PhotoThe Office of the Comptroller of the Currency (OCC) has gone on the record to formally urge U.S. banks to begin offering small-dollar installment loans to consumers.

The OCC did not specifically mention payday loans, but it is clear that its purpose is to provide consumers a “responsible” alternative.

“Millions of U.S. consumers borrow nearly $90 billion every year in short-term, small dollar loans typically ranging from $300 to $5,000 to make ends meet,” Comptroller of the Currency Joseph Otting said in a statement. “Consumers should have more choices that are safe and affordable, and banks should be part of that solution.”

With a typical payday loan, a consumer borrows a few hundred dollars to meet an unexpected expense.

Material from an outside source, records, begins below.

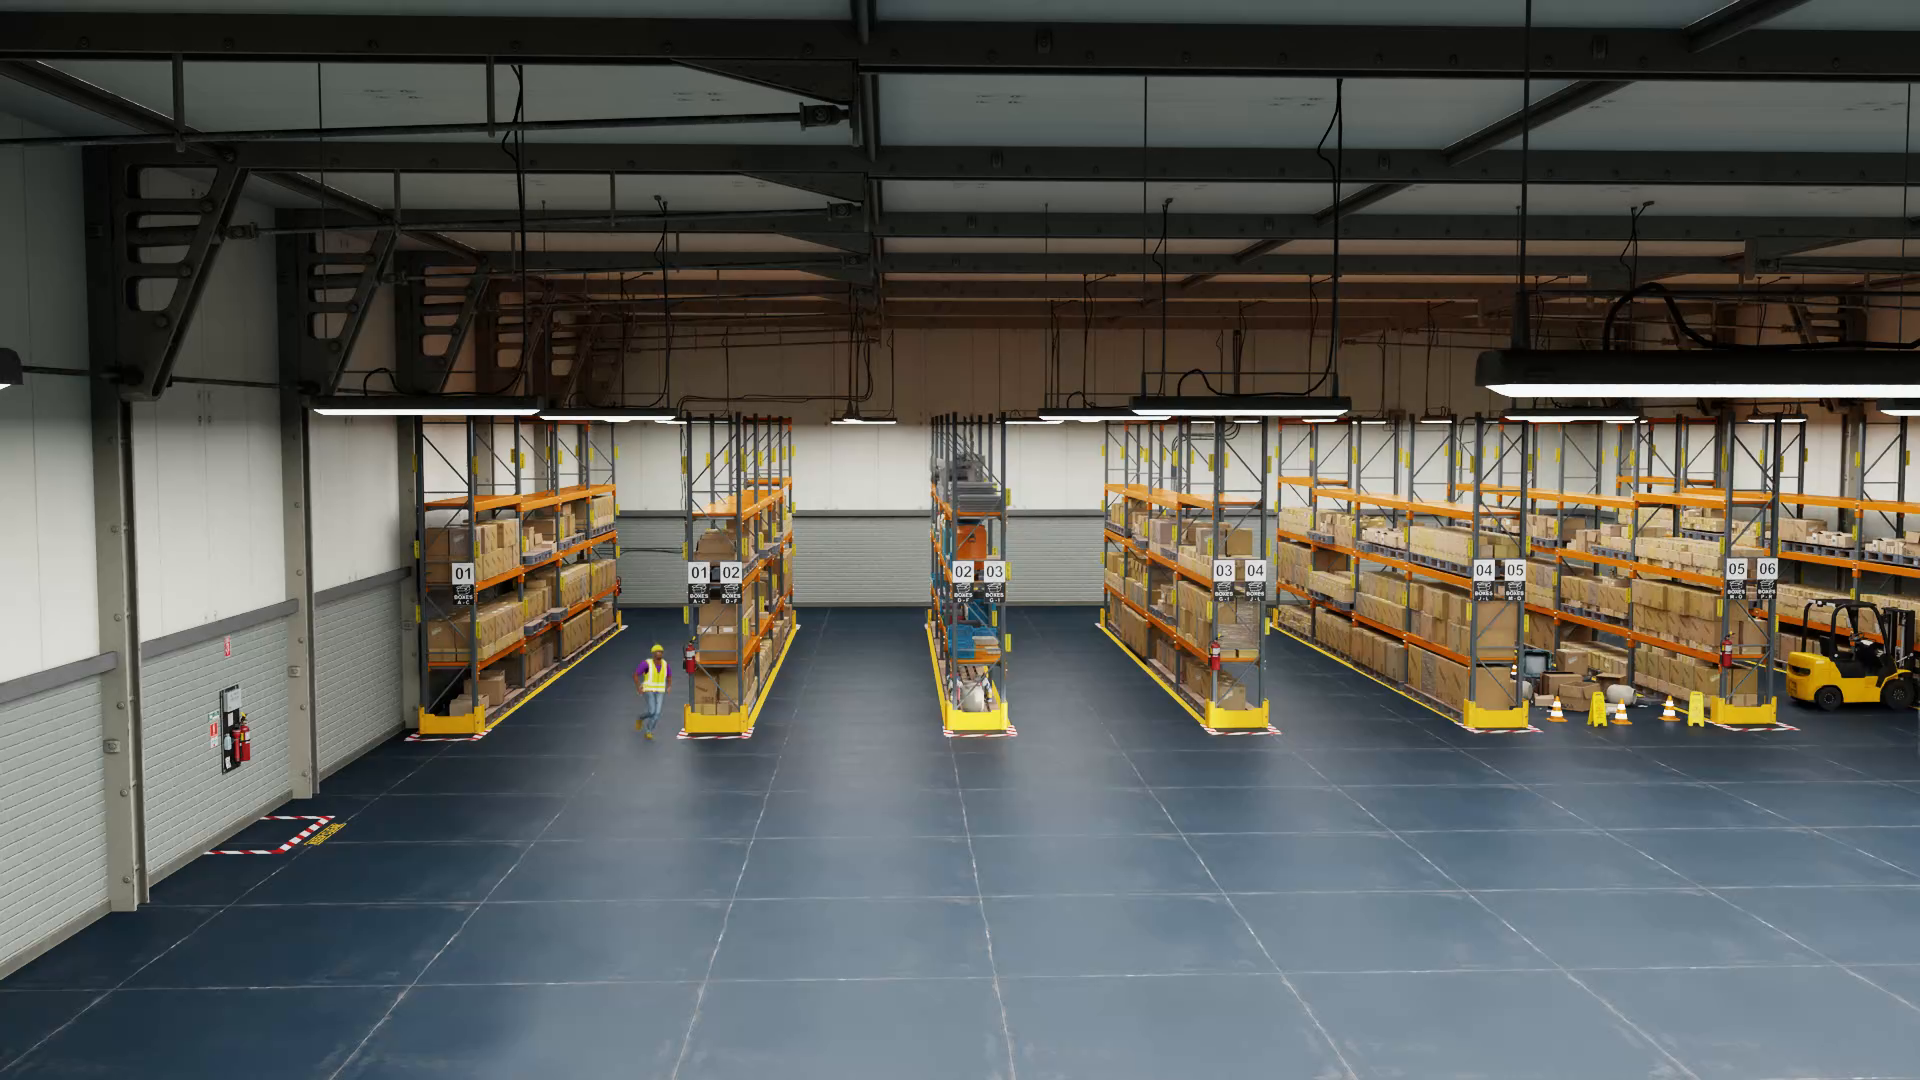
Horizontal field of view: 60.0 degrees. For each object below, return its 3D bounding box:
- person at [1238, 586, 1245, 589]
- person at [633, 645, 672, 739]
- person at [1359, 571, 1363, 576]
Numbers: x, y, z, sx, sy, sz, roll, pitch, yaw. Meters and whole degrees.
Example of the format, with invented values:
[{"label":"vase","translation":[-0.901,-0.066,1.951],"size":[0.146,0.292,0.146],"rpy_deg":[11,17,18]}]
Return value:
[{"label":"person","translation":[7.810,1.722,46.551],"size":[0.681,1.656,0.536],"rpy_deg":[0,4,0]},{"label":"person","translation":[-5.626,2.787,30.707],"size":[0.734,1.695,0.602],"rpy_deg":[-3,5,-35]},{"label":"person","translation":[11.118,1.711,46.080],"size":[0.650,1.740,0.577],"rpy_deg":[-1,4,-8]}]

The loan is due within two weeks and costs a fee, based on the amount borrowed.

Critics of the payday loan industry say the majority of borrowers cannot repay the entire loan in just two weeks, and therefore have to take out another loan, paying another fee that often adds up to a triple-digit interest rate.

Contrasts with CFPB position

While the current leadership at the Consumer Financial Protection Bureau (CFPB) has said it intends to unwind the Payday Lending Rule, which would require lenders to make sure the borrower can repay the loan, the OCC is pushing to provide payday loan customers another option.

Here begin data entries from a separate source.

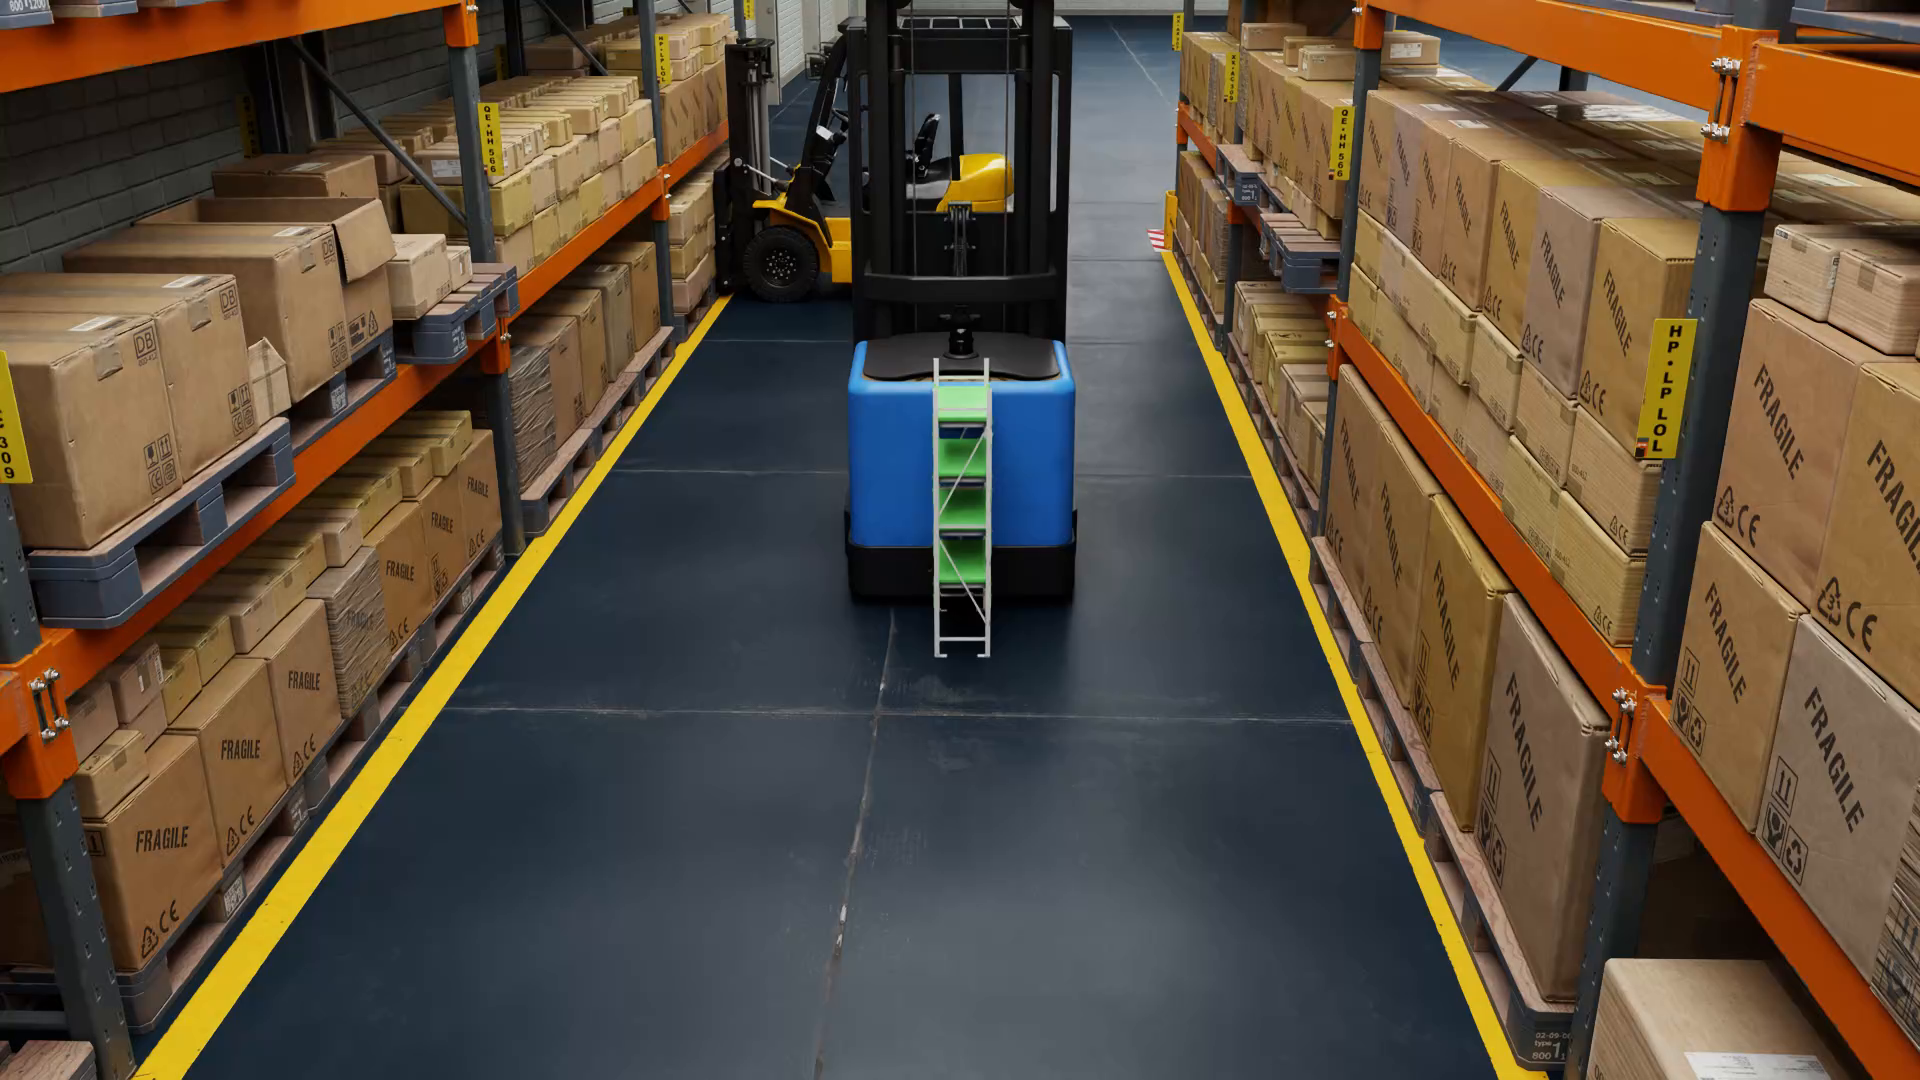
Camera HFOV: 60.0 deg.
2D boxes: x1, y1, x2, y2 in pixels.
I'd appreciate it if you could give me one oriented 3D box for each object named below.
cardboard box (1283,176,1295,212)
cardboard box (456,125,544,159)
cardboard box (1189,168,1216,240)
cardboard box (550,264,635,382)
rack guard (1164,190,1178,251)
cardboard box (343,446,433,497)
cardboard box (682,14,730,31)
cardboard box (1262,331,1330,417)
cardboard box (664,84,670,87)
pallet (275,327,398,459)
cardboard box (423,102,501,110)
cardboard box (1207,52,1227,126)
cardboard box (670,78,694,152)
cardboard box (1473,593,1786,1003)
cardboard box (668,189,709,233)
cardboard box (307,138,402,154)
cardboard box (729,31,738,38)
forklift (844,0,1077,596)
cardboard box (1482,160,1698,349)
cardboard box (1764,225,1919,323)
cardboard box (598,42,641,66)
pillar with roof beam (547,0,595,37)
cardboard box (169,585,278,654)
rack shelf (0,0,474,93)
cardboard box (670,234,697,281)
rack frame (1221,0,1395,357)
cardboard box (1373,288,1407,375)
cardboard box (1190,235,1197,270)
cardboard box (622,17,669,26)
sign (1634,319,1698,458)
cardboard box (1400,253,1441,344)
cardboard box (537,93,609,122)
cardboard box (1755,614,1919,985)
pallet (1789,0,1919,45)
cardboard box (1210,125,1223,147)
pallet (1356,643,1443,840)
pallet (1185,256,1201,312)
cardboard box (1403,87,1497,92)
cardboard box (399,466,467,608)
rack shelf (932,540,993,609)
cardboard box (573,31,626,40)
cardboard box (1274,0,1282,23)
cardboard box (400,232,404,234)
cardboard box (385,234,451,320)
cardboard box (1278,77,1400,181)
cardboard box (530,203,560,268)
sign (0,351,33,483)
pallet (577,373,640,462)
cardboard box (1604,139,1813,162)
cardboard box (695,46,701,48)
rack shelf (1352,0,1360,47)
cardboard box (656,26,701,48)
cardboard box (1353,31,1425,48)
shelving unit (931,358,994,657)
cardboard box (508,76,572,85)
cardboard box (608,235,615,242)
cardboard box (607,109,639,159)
[{"bbox_3d":[1.950,-1.861,8.946,0.380,0.149,0.250,1,21,3],"label":"cardboard box"},{"bbox_3d":[-2.406,-2.080,8.709,0.380,0.149,0.250,1,21,2],"label":"cardboard box"},{"bbox_3d":[2.174,-2.770,13.706,0.500,0.500,0.500,1,21,3],"label":"cardboard box"},{"bbox_3d":[-2.609,-1.401,10.695,0.875,0.625,0.625,0,21,1],"label":"cardboard box"},{"bbox_3d":[2.508,-2.981,15.522,1.175,0.500,0.348,1,21,2],"label":"rack guard"},{"bbox_3d":[-2.486,-0.293,7.115,0.380,0.149,0.250,0,21,0],"label":"cardboard box"},{"bbox_3d":[-2.252,-4.583,14.749,0.380,0.149,0.250,1,21,2],"label":"cardboard box"},{"bbox_3d":[2.337,-0.998,10.006,0.950,0.372,0.625,1,21,3],"label":"cardboard box"},{"bbox_3d":[-2.294,-3.336,11.946,0.380,0.149,0.250,1,21,3],"label":"cardboard box"},{"bbox_3d":[-2.749,-0.542,6.045,1.003,0.211,1.213,1,21,2],"label":"pallet"},{"bbox_3d":[-2.891,-2.455,9.674,0.380,0.149,0.250,1,21,2],"label":"cardboard box"},{"bbox_3d":[2.173,-3.451,12.726,0.500,0.500,0.500,1,21,3],"label":"cardboard box"},{"bbox_3d":[-2.299,-3.174,12.424,0.500,0.500,0.500,1,21,3],"label":"cardboard box"},{"bbox_3d":[2.084,0.734,4.847,0.875,0.875,0.875,1,21,3],"label":"cardboard box"},{"bbox_3d":[-2.219,-2.518,12.709,0.500,0.250,0.500,1,21,2],"label":"cardboard box"},{"bbox_3d":[-2.991,-1.900,8.243,0.380,0.149,0.250,1,21,3],"label":"cardboard box"},{"bbox_3d":[-2.182,-4.448,14.811,0.380,0.149,0.250,1,21,2],"label":"cardboard box"},{"bbox_3d":[-0.006,-1.592,8.579,1.130,2.935,3.031,0,21,-1],"label":"forklift"},{"bbox_3d":[1.951,-0.883,5.137,0.500,0.500,0.500,1,21,3],"label":"cardboard box"},{"bbox_3d":[1.876,-0.539,3.355,0.380,0.149,0.250,0,21,1],"label":"cardboard box"},{"bbox_3d":[-2.367,-3.477,11.897,0.380,0.149,0.250,1,21,2],"label":"cardboard box"},{"bbox_3d":[0.929,-6.735,13.447,9.100,9.000,0.400,1,21,2],"label":"pillar with roof beam"},{"bbox_3d":[-2.572,0.269,5.669,0.380,0.149,0.250,1,21,1],"label":"cardboard box"},{"bbox_3d":[-2.756,-1.675,5.547,1.077,0.370,4.000,1,21,2],"label":"rack shelf"},{"bbox_3d":[-2.250,-2.100,12.323,0.500,0.250,0.500,1,21,1],"label":"cardboard box"},{"bbox_3d":[2.388,-2.728,11.413,1.000,3.000,0.127,1,21,2],"label":"rack frame"},{"bbox_3d":[2.002,-0.852,6.785,0.500,0.250,0.500,0,21,0],"label":"cardboard box"},{"bbox_3d":[2.182,-2.418,13.834,0.500,0.250,0.500,2,21,5],"label":"cardboard box"},{"bbox_3d":[-2.711,-4.406,14.292,0.380,0.149,0.250,1,21,3],"label":"cardboard box"},{"bbox_3d":[1.602,-0.341,3.769,0.100,0.325,0.005,1,21,2],"label":"sign"},{"bbox_3d":[1.960,-0.898,6.212,0.500,0.250,0.500,1,21,1],"label":"cardboard box"},{"bbox_3d":[-2.358,-2.632,10.132,0.380,0.149,0.250,0,21,0],"label":"cardboard box"},{"bbox_3d":[1.850,0.467,3.042,0.500,0.500,0.500,1,21,2],"label":"cardboard box"},{"bbox_3d":[2.110,-0.897,2.670,1.003,0.211,1.213,1,21,2],"label":"pallet"},{"bbox_3d":[2.121,-3.098,12.714,0.380,0.149,0.250,0,21,1],"label":"cardboard box"},{"bbox_3d":[2.127,0.742,6.324,1.003,0.211,1.213,1,21,2],"label":"pallet"},{"bbox_3d":[2.408,-2.114,13.684,1.003,0.211,1.213,1,21,2],"label":"pallet"},{"bbox_3d":[2.520,-2.012,8.436,0.500,0.500,0.500,2,21,4],"label":"cardboard box"},{"bbox_3d":[-2.519,-0.029,7.333,0.500,0.500,0.500,0,21,1],"label":"cardboard box"},{"bbox_3d":[0.008,0.142,7.343,0.258,0.148,0.480,0,21,0],"label":"rack shelf"},{"bbox_3d":[-2.794,-3.850,12.860,0.380,0.149,0.250,0,21,1],"label":"cardboard box"},{"bbox_3d":[2.656,-3.721,12.040,0.700,0.500,0.500,1,21,2],"label":"cardboard box"},{"bbox_3d":[-2.937,-1.430,8.276,0.500,0.250,0.500,0,21,0],"label":"cardboard box"},{"bbox_3d":[-2.403,-1.076,6.782,0.500,0.250,0.500,0,21,-1],"label":"cardboard box"},{"bbox_3d":[2.022,-2.200,8.922,0.500,0.500,0.500,-1,21,-2],"label":"cardboard box"},{"bbox_3d":[-2.417,-1.605,8.725,0.500,0.250,0.500,0,21,0],"label":"cardboard box"},{"bbox_3d":[-2.274,-0.289,3.931,0.100,0.325,0.005,1,21,2],"label":"sign"},{"bbox_3d":[-2.591,-0.772,10.227,1.003,0.211,1.213,1,21,2],"label":"pallet"},{"bbox_3d":[2.461,-1.057,5.585,0.500,0.500,0.500,0,21,1],"label":"cardboard box"},{"bbox_3d":[-2.294,-3.895,13.385,0.380,0.149,0.250,0,21,1],"label":"cardboard box"},{"bbox_3d":[2.327,-3.068,9.137,1.077,0.370,4.000,1,21,2],"label":"rack shelf"},{"bbox_3d":[-2.293,-4.029,13.319,0.380,0.149,0.250,1,21,2],"label":"cardboard box"},{"bbox_3d":[2.592,-2.993,10.069,0.380,0.149,0.250,0,21,0],"label":"cardboard box"},{"bbox_3d":[0.008,-0.142,7.234,0.258,1.200,0.503,0,21,0],"label":"shelving unit"},{"bbox_3d":[-2.798,-3.006,11.094,0.380,0.149,0.250,0,21,0],"label":"cardboard box"},{"bbox_3d":[-2.752,-2.341,12.255,0.500,0.250,0.500,1,21,3],"label":"cardboard box"},{"bbox_3d":[-2.341,-2.578,10.543,0.500,0.250,0.500,0,21,0],"label":"cardboard box"}]

In doing so, it's winning praise from the Pew Charitable Trusts, which cites its own research as showing that, given the opportunity, eight in 10 payday loan borrowers would prefer to borrow money from their banks or credit unions.

"The position outlined by the Comptroller is a welcome step that should help pave the way for banks to offer safe, affordable small-dollar installment loans to the millions of Americans that have been turning to high-cost nonbank lenders,” said Nick Bourke, director of Pew’s consumer finance project.

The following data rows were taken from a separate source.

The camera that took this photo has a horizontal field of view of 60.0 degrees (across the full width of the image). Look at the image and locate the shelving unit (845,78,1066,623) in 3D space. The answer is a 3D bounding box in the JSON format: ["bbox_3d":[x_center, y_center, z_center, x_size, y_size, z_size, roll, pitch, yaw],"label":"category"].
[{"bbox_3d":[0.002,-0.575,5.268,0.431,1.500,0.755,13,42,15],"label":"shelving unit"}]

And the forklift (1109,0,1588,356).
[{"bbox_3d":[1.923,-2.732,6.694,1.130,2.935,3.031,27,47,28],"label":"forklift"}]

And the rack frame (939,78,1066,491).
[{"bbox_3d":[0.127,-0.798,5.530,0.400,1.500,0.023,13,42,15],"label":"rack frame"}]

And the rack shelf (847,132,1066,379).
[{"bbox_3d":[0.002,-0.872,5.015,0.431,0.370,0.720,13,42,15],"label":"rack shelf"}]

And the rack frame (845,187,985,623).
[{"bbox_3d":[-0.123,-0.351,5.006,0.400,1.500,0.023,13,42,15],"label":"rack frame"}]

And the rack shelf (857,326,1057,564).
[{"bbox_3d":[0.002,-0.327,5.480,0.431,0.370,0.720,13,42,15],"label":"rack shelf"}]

Six times cheaper than a payday loan

Pew said banks should be able to offer an alternative to payday loans by using automated underwriting and origination. It says these small loans can be profitable while charging prices six times lower than average payday loans.

“If banks begin offering these loans according to strong safety standards, it could boost financial inclusion and be a game-changer for the millions of Americans who use high-cost loans today,” Bourke said.

Bourke says it's more likely that some banks will begin offering alternatives to payday loans, now that the OCC has given its blessing and removed a lot of the regulatory uncertainty that might have prevented them from entering the market.